- A
Generate a data quality report, view histograms, and create scatter plots for selected features.
Data quality report provides summary statistics and missing values; histograms and scatter plots show distributions and relationships.
- B
Drop rows with missing values and visualize box plots for numerical features.
Why wrong: Dropping rows may introduce bias; initial EDA should include missing value analysis.
- C
Use imputation to handle missing values and one-hot encoding for categorical features.
Why wrong: These are data preparation steps, not EDA.
- D
Generate a data quality report and a correlation heatmap.
Why wrong: Data Wrangler does not produce correlation heatmaps natively.
Quick Answer
The correct combination of SageMaker Data Wrangler features for exploratory data analysis is to generate a data quality report, view histograms, and create scatter plots for selected features. This is correct because the data quality report provides summary statistics and missing value analysis, histograms reveal the distribution of individual features, and scatter plots expose relationships between variables—all core EDA tasks.

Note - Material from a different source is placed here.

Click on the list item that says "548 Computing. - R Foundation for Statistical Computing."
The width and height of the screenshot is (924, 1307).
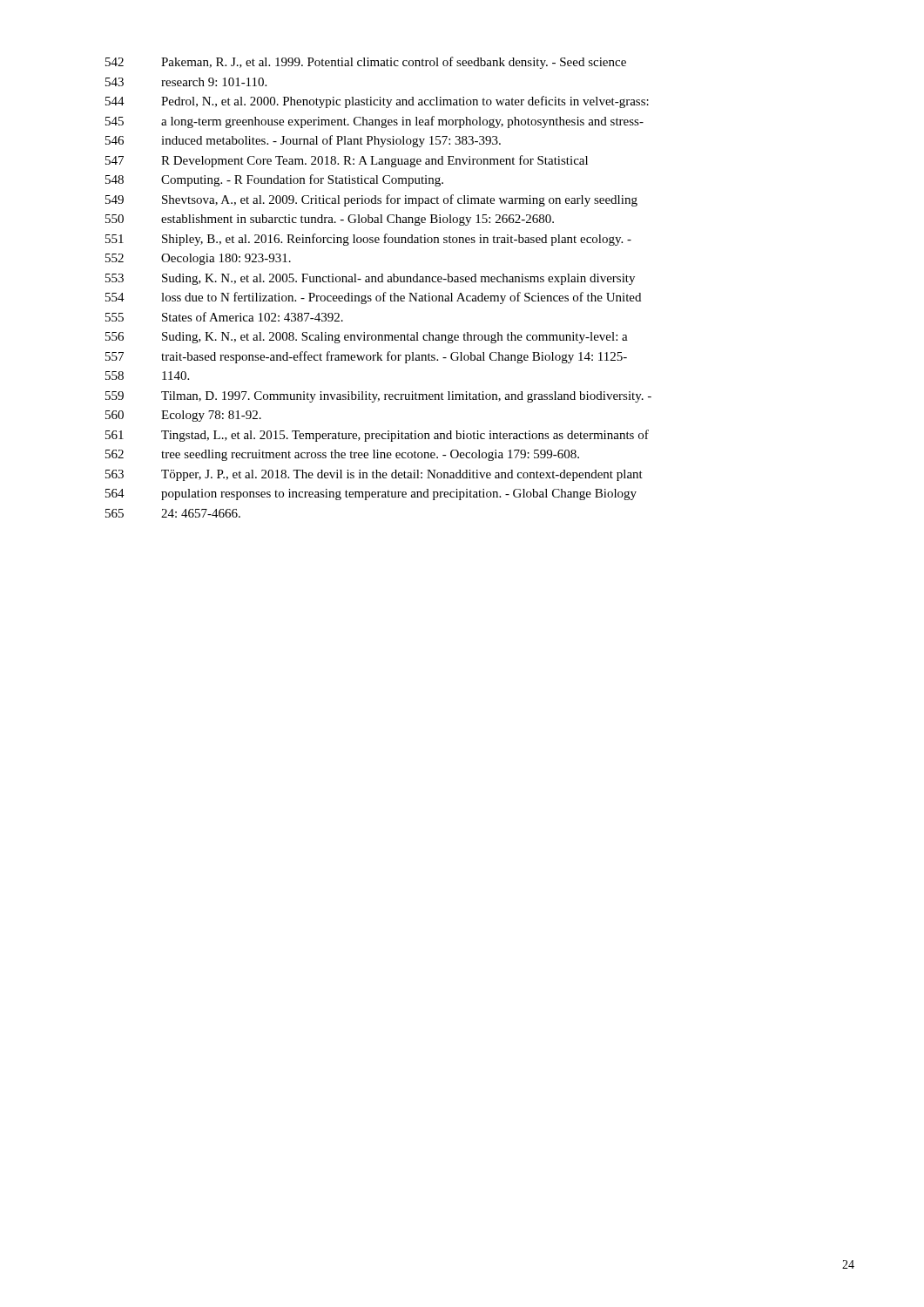[x=274, y=180]

On the AWS Certified Machine Learning Specialty MLS-C01 exam, this question tests your ability to distinguish between EDA features and data preparation or transformation steps. A common trap is confusing transformation actions like imputation or one-hot encoding with EDA, which is about understanding data, not modifying it. Remember the EDA mantra: inspect before you transform. A useful memory tip is “Quality, Shape, Relationship”—the data quality report covers quality, histograms show shape, and scatter plots reveal relationships.
MLS-C01 Exploratory Data Analysis Practice Question
This MLS-C01 practice question tests your understanding of exploratory data analysis. Read the scenario carefully and evaluate each option against the stated constraints before committing to an answer. After answering, compare your reasoning against the explanation and wrong-answer breakdown below. Once you have made your selection, read the full explanation to reinforce the concept and understand why each distractor is designed to mislead on exam day.

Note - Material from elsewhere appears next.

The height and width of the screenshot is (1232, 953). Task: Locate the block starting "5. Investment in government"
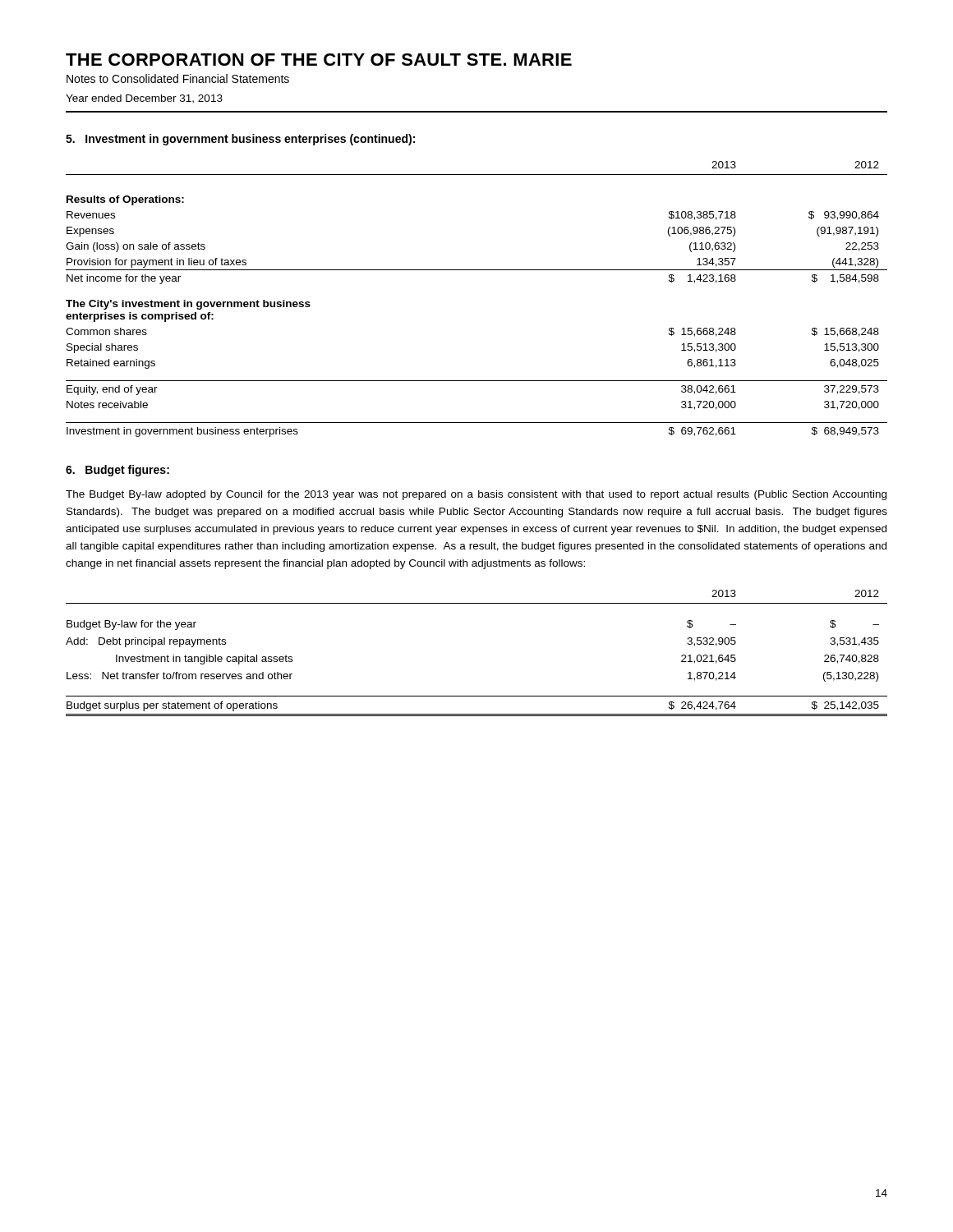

A team is using Amazon SageMaker Data Wrangler to perform exploratory data analysis on a large dataset stored in S3. The dataset contains missing values, outliers, and categorical variables with high cardinality. The team wants to understand data distributions and relationships before modeling. Which combination of Data Wrangler features should they use?
Answer choices
Why each option matters
Answer the question above first, then reveal the full breakdown to understand why each option is right or wrong.
Correct answer & explanation
Generate a data quality report, view histograms, and create scatter plots for selected features.
Option D is correct because Data Wrangler's data quality report provides summary statistics and missing value analysis, and the histogram visualization shows distributions. Scatter plots reveal relationships between variables. Option A is incorrect because Data Wrangler does not include correlation heatmaps directly. Option B is incorrect because imputation and one-hot encoding are transformations, not EDA steps. Option C is incorrect because handling missing values is part of data preparation, not initial EDA.
Key principle: NAT direction and interface roles matter as much as the IP address mapping. Inside/outside designation controls which traffic is translated.
Answer analysis
Option-by-option breakdown
For each option: why learners choose it and why it is or isn't the right answer here.
- ✓
Generate a data quality report, view histograms, and create scatter plots for selected features.
Why this is correct
Data quality report provides summary statistics and missing values; histograms and scatter plots show distributions and relationships.
Related concept
Static NAT maps one inside address to one outside address.
- ✗
Drop rows with missing values and visualize box plots for numerical features.
Why it's wrong here
Dropping rows may introduce bias; initial EDA should include missing value analysis.
- ✗
Use imputation to handle missing values and one-hot encoding for categorical features.
Why it's wrong here
These are data preparation steps, not EDA.
- ✗
Generate a data quality report and a correlation heatmap.
Why it's wrong here
Data Wrangler does not produce correlation heatmaps natively.
Common exam traps
Common exam trap: NAT rules depend on direction and matching traffic
NAT is not only about the public address. The inside/outside interface roles and the ACL or rule that matches traffic are just as important.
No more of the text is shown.